Work item:
The required result is each line of the entries below containing the string "input".
[Entries supplied — start]
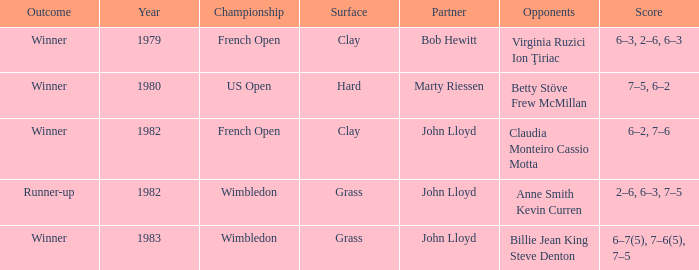Which opponents contributed to a winning outcome on a grassy terrain? Billie Jean King Steve Denton. 
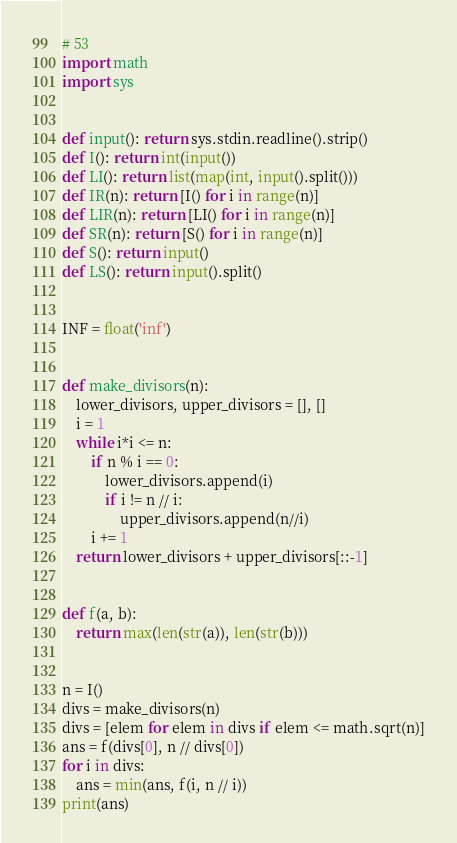Convert code to text. <code><loc_0><loc_0><loc_500><loc_500><_Python_># 53
import math
import sys


def input(): return sys.stdin.readline().strip()
def I(): return int(input())
def LI(): return list(map(int, input().split()))
def IR(n): return [I() for i in range(n)]
def LIR(n): return [LI() for i in range(n)]
def SR(n): return [S() for i in range(n)]
def S(): return input()
def LS(): return input().split()


INF = float('inf')


def make_divisors(n):
    lower_divisors, upper_divisors = [], []
    i = 1
    while i*i <= n:
        if n % i == 0:
            lower_divisors.append(i)
            if i != n // i:
                upper_divisors.append(n//i)
        i += 1
    return lower_divisors + upper_divisors[::-1]


def f(a, b):
    return max(len(str(a)), len(str(b)))


n = I()
divs = make_divisors(n)
divs = [elem for elem in divs if elem <= math.sqrt(n)]
ans = f(divs[0], n // divs[0])
for i in divs:
    ans = min(ans, f(i, n // i))
print(ans)
</code> 
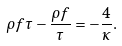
[Entries supplied — finish]
Solution to this exercise:
def input(): return sys.stdin.readline().strip()
def I(): return int(input())
def LI(): return list(map(int, input().split()))
def S(): return input()
def LS(): return input().split()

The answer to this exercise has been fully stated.